La psicología de las masas: una responsabilidad que los gobiernos no pueden ignorar
La seguridad en los eventos masivos no puede depender de la suerte: se decide antes de abrir las puertas, con prevención, supervisión y una gestión de multitudes basada en evidencia.
Los eventos masivos representan espacios de convivencia, cultura y entretenimiento; sin embargo, también evidencian una realidad que con frecuencia es subestimada por las autoridades: el comportamiento de las multitudes puede transformarse en un factor de alto riesgo cuando no existe una adecuada planeación. La psicología de las masasdemuestra que, bajo determinadas circunstancias, las personas pueden actuar impulsivamente, influenciadas por las emociones colectivas y por las acciones de quienes las rodean. A pesar de ello, muchos gobiernos continúan enfocándose únicamente en la logística del evento y dejan en segundo plano la preparación de la ciudadanía para enfrentar situaciones de emergencia.
Uno de los fenómenos más peligrosos es el contagio emocional. Un rumor, un grito o una reacción inesperada pueden desencadenar pánico colectivo en cuestión de segundos. Cuando esto ocurre, la multitud suele perder la capacidad de analizar racionalmente la situación y responde con desesperación. Las consecuencias son conocidas: empujones, estampidas, personas lesionadas e incluso pérdidas humanas. Estos hechos no pueden considerarse simples accidentes; en muchos casos reflejan la falta de prevención y de protocolos claros por parte de quienes autorizaron y organizaron el evento.
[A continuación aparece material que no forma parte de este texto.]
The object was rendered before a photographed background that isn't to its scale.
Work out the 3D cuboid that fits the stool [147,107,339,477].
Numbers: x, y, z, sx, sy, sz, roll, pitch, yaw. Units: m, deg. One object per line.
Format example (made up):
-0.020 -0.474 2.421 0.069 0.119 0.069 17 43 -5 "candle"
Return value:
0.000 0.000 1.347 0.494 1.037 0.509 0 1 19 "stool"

También resulta preocupante que muchas personas, al sentirse protegidas por el anonimato que ofrece una multitud, adopten conductas irresponsables o violentas. Empujar para obtener un mejor lugar, ignorar las rutas de evacuación, invadir zonas restringidas o enfrentarse con otros asistentes son comportamientos que incrementan el riesgo para todos. Aunque cada individuo es responsable de sus actos, corresponde a las autoridades establecer mecanismos que reduzcan estas conductas mediante información, vigilancia y una organización eficiente.
Con frecuencia, los gobiernos reaccionan únicamente cuando ocurre una tragedia. Después de un incidente se anuncian investigaciones, nuevas regulaciones y promesas de mayor seguridad, pero pocas veces se desarrollan campañas permanentes de educación ciudadana sobre cómo actuar en eventos masivos. La prevención debería comenzar mucho antes de abrir las puertas de un estadio, una plaza o un recinto, informando claramente a la población sobre protocolos de evacuación, puntos de reunión y conductas que pueden poner en peligro a toda la multitud.
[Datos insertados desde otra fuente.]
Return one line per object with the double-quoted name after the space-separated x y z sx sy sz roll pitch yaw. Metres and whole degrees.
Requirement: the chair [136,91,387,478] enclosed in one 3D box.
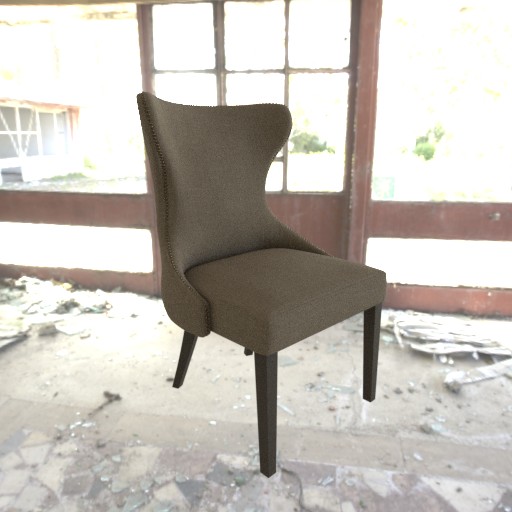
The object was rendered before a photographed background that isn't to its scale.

Asimismo, es indispensable que las autoridades supervisen rigurosamente a los organizadores de estos eventos. Autorizar una concentración de miles de personas implica garantizar que existan suficientes salidas de emergencia, personal capacitado, servicios médicos, señalización visible y planes de respuesta inmediata. La seguridad no debe convertirse en un requisito administrativo que solo se revisa en el papel, sino en una obligación permanente cuya finalidad sea proteger la vida de los asistentes.
La psicología de las masas también debe incorporarse al diseño de las políticas públicas relacionadas con espectáculos y concentraciones multitudinarias. Comprender cómo reaccionan las personas bajo presión permite planificar mejor los accesos, controlar los flujos de asistentes y comunicar instrucciones claras durante una emergencia. Ignorar este conocimiento científico significa asumir riesgos que pueden evitarse mediante capacitación, prevención y una adecuada gestión de multitudes.
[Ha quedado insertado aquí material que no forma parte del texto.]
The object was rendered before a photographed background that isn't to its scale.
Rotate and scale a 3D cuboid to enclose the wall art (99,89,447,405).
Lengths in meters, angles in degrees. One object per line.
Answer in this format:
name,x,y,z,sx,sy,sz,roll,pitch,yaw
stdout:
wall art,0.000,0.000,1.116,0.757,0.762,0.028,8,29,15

En una sociedad donde los eventos masivos son cada vez más frecuentes, la seguridad no puede depender únicamente del comportamiento individual. Los gobiernos tienen la responsabilidad de anticiparse a los riesgos, informar a la población y garantizar condiciones que reduzcan la posibilidad de tragedias. La omisión, la improvisación o la falta de supervisión pueden tener consecuencias irreparables, por lo que la prevención debe ser considerada una prioridad y no una medida secundaria.
Cada vez que asistimos a un evento masivo depositamos nuestra confianza en que las autoridades y los organizadores han tomado todas las medidas necesarias para proteger nuestra integridad. Sin embargo, esa confianza debe estar respaldada por acciones reales y no solo por discursos o protocolos escritos. Como ciudadanos, también tenemos la responsabilidad de actuar con prudencia y respetar las normas de seguridad, pero es legítimo exigir que quienes autorizan y organizan estos eventos cumplan plenamente con su deber. La protección de la vida humana no puede depender de la suerte; debe ser el resultado de una planificación responsable, de decisiones bien fundamentadas y del compromiso permanente de los gobiernos con la seguridad de la población.
Referencias
Ortega y Gasset, J. (1930). La rebelión de las masas. Madrid: Espasa-Calpe.
Freud, S. (1921). Psicología de las masas y análisis del yo. Madrid: Alianza Editorial.